*Your objective*: Transcribe every line of the material below exactly, leaving out the pictures.

*Available data*:
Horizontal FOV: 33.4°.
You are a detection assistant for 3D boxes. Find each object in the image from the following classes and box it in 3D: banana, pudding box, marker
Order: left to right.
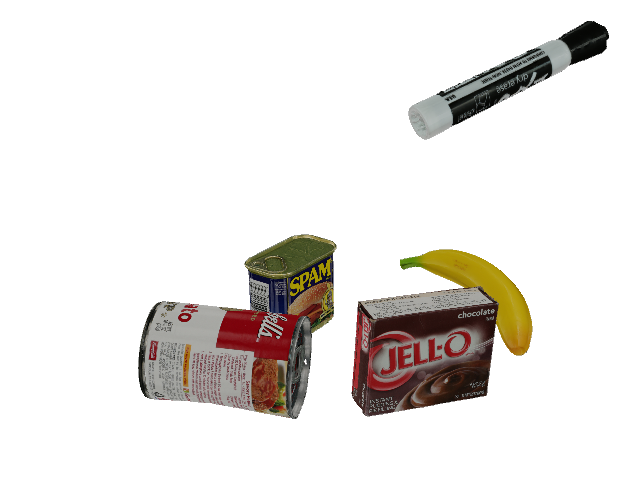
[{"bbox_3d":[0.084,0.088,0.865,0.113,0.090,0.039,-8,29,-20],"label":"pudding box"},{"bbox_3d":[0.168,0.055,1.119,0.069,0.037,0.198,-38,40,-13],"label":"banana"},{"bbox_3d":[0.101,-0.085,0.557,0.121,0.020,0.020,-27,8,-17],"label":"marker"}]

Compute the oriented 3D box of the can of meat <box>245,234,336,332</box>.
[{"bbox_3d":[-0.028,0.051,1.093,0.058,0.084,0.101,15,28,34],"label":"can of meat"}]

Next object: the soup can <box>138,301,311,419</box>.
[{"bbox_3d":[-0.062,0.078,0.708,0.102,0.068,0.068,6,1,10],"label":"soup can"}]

*Solution for this task*:
Horizontal FOV: 33.4°.
You are a detection assistant for 3D boxes. Find each object in the image from the following classes and box it in 3D: banana, pudding box, marker
Order: left to right.
[{"bbox_3d":[0.084,0.088,0.865,0.113,0.090,0.039,-8,29,-20],"label":"pudding box"},{"bbox_3d":[0.168,0.055,1.119,0.069,0.037,0.198,-38,40,-13],"label":"banana"},{"bbox_3d":[0.101,-0.085,0.557,0.121,0.020,0.020,-27,8,-17],"label":"marker"}]

Compute the oriented 3D box of the can of meat <box>245,234,336,332</box>.
[{"bbox_3d":[-0.028,0.051,1.093,0.058,0.084,0.101,15,28,34],"label":"can of meat"}]

Next object: the soup can <box>138,301,311,419</box>.
[{"bbox_3d":[-0.062,0.078,0.708,0.102,0.068,0.068,6,1,10],"label":"soup can"}]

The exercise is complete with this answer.